Posted On: May. 20, 2012 12:00 AM CST

Rick Dorazil's path to employee benefits a circuitous one

Like many benefit managers, Rick Dorazil's path to the employee benefits field was a circuitous one.

After graduating in 1975 with a degree in elementary education from Western Illinois University in Macomb, Ill., Mr. Dorazil, vp-total reward, Western Hemisphere at BP America Inc. in Houston, taught for several years at elementary schools in central Illinois.

During that time, Mr. Dorazil became friends with Wade Vanderpoel, a senior vp in the master trust department at the First National Bank of Chicago.

Mr. Dorazil says he greatly admired Mr. Vanderpoel's intellect. “I label people, and the highest label I could give anyone is "whiz kid.' He was just unbelievably bright and wicked smart in finance, investments and most everything else,” Mr. Dorazil said.

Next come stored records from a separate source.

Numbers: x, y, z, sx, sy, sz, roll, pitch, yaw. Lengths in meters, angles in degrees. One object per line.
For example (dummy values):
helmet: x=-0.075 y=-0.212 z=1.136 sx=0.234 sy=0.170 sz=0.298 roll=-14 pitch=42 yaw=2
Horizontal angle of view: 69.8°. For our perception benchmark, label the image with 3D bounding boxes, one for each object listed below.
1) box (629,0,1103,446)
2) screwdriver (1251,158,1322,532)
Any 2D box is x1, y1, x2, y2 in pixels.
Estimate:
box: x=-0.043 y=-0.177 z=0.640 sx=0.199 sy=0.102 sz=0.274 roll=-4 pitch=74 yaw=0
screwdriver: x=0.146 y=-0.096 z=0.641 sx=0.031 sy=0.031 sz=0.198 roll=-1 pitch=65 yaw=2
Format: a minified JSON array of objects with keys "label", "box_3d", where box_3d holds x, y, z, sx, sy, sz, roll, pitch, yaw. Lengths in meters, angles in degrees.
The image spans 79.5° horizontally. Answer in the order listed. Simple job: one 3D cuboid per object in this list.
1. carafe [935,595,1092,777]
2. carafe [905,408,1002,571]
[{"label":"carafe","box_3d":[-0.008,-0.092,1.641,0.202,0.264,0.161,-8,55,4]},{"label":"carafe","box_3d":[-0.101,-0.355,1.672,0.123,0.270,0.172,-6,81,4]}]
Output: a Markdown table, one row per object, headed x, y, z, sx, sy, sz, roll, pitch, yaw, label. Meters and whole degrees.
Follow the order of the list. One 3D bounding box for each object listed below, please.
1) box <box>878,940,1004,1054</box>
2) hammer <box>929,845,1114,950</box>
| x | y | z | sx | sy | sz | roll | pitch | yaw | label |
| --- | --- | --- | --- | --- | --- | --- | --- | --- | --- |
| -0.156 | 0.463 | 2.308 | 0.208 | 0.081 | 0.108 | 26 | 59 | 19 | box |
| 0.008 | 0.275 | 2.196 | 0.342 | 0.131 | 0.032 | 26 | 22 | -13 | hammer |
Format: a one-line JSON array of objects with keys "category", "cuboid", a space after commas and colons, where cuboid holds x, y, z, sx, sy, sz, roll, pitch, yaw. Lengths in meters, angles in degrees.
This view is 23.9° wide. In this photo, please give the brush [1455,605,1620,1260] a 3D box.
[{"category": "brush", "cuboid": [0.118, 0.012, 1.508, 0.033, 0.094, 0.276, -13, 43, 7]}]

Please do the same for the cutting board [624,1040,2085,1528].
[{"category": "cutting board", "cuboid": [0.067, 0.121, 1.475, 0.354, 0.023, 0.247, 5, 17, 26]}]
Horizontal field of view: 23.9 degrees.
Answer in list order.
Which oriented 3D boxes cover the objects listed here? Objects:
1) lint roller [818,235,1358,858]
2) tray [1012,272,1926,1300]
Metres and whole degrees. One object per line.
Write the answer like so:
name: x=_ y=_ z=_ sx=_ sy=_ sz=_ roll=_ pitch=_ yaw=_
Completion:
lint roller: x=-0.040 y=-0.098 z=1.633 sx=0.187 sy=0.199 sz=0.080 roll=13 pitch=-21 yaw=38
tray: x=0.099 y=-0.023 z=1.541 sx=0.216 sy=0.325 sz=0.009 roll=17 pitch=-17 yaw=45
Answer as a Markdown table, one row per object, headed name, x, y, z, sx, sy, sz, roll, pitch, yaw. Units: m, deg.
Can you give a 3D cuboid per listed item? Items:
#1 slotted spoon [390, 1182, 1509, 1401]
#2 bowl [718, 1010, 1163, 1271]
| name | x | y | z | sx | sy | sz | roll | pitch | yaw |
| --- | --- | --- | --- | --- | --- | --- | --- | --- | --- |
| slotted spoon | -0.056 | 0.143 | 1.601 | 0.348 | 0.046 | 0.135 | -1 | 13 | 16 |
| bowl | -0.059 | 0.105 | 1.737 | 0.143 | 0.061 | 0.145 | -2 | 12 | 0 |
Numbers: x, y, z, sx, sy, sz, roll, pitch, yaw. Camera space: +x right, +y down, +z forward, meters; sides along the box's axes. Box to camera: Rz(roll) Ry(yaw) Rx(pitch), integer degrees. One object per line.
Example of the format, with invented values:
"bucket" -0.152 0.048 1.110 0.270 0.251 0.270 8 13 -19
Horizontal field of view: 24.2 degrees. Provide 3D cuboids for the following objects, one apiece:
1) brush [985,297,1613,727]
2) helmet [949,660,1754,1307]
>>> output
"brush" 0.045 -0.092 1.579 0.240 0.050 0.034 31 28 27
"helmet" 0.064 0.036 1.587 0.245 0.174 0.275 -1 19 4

When Mr. Vanderpoel suggested that Mr. Dorazil take a couple of business courses, he took that advice and enrolled in an accounting course.

“I really enjoyed it,” Mr. Dorazil said, and applied to Loyola University of Chicago to study for an MBA.

After earning his master's from Loyola in 1979, Mr. Dorazil moved to Nashville, Tenn., where he accepted a position as a treasury analyst with Aladdin Industries, a manufacturer of school lunch kits and the Stanley thermos. He later moved on to Northern Telecom Ltd.—now Nortel Networks Corp.—where he worked in the treasury department and was involved in, among other things, short-term cash management.

While at Northern Telecom, he was approached by Don Petersen, Northern Telecom's assistant treasurer who gave him the responsibility of managing the company's thrift savings plan.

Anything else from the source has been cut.